4 avril 2022 § 3 Commentaires

Comme ce futur proche où le ciel s’éclaircirait…

Il y a des jours où, tel un vieux moteur diesel polluant, on a du mal à démarrer. J’ai bien peur que ce matin en soit un. Nous sommes le lundi 4 avril 2022, tous les poissons sont bien passés, moins d’une semaine nous sépare d’une élection cruciale pour l’avenir de la planète, je n’exagère qu’à peine, et je vous souhaite bienvenue dans cette nouvelle Chronique du lundi. Comme à mon habitude il est très tôt, je suis traversé de terribles insomnies. Mais, tel un paradoxe vivant et pensant (ou non !), j’ai du mal à me réveiller et à avoir la tête assez claire ou le cerveau qui l’occupe moins brumeux.

Il y a dans cette tête toutes les ambivalences du monde. Il y a beaucoup de tristesse à voir ce monde courir à grand train vers le pire encore plus pire jours après jours.

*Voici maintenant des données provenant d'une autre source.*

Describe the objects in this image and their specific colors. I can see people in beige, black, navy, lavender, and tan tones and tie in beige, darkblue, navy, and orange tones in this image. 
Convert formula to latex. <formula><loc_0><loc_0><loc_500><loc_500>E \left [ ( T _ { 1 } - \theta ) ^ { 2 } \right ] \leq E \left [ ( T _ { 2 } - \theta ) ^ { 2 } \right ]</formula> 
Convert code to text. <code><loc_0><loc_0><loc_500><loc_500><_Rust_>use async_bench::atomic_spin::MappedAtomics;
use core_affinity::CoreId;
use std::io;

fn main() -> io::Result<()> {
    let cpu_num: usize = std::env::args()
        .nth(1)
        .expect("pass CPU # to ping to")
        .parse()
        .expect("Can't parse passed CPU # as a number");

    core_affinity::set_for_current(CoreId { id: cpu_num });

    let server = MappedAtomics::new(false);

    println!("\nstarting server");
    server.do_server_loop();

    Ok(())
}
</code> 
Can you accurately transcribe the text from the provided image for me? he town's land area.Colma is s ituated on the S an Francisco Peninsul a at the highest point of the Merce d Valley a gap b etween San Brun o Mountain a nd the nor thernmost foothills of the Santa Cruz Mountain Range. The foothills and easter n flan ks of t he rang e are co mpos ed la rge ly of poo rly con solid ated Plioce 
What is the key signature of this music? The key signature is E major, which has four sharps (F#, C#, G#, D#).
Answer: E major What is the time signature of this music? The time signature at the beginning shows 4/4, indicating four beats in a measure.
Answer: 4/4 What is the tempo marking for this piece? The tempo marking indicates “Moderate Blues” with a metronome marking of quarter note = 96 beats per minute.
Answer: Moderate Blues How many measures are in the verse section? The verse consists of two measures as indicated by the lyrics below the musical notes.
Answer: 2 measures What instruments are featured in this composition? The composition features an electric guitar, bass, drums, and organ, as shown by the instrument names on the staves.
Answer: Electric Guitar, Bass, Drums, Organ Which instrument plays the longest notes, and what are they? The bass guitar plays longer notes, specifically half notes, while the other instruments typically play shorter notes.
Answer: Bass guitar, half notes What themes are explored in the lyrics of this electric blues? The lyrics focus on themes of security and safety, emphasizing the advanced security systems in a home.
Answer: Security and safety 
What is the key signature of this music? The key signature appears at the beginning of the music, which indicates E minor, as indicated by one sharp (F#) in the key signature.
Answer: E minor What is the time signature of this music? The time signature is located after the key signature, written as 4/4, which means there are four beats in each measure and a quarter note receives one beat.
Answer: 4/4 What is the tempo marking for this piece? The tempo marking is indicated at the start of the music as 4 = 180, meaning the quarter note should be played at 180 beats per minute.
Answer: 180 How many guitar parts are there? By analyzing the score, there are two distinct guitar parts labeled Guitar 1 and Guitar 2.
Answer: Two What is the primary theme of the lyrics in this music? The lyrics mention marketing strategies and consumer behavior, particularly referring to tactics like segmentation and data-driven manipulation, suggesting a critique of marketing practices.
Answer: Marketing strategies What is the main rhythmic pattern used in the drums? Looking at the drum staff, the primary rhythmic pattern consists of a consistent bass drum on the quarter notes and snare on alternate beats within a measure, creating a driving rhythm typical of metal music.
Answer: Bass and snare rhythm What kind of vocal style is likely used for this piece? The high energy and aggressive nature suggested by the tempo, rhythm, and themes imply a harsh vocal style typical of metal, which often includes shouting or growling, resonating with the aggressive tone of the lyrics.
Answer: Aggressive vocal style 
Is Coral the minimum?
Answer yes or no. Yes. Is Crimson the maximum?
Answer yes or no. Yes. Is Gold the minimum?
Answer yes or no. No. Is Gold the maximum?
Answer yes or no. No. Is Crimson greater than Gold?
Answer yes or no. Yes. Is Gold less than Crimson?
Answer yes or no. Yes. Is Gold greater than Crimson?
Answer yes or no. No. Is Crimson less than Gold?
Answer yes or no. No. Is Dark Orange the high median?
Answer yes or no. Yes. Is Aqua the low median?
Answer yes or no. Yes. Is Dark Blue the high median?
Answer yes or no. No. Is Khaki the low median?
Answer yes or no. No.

Je vous l’ai souvent répété dans mes exercices éditoriaux du temps qui passe sous nos yeux : je suis loin d’être un thuriféraire de la collapsologie [+] actuelle. Au fond de moi j’aurais plutôt tendance à être un bonhomme assez optimiste. Je suis convaincu que la raison peut encore l’emporter dans la majorité des esprits humains. C’est une question de volonté politique. Ce terme politique étant ici bien employé tel qu’il est défini par les dictionnaires. Je cite, deux point ouvrez les guillemets : « Relatif à l’organisation, à l’exercice du pouvoir dans une société organisée », le pouvoir devant évidemment être collectif et partagé. Bon bref, j’ai beau essayer de me convaincre de la force de l’intelligence sur l’idiotie, j’ai du mal dans le noir de cette fin de nuit entre hiver tenace et printemps hésitant.
La quatrième victoire de rang aux élections législatives hongroises [+] de Viktor Orban un des allié·e·s des Le Pen et autres Salvini du clan des conservateurs crapuleux européens, n’augure malheureusement pas des lendemains qui chantent au Soleil… On sait ainsi que le rôle de la presse d’opinion n’y est pas neutre dans la propagande d’un état aux allures « démocratique » mais dans tous les cas autoritaire, comme dans la plupart des démocratie gérées par le bloc bourgeois qui peuvent nous paraitre moins autoritaires, ça dépend où l’on met le curseur évidemment.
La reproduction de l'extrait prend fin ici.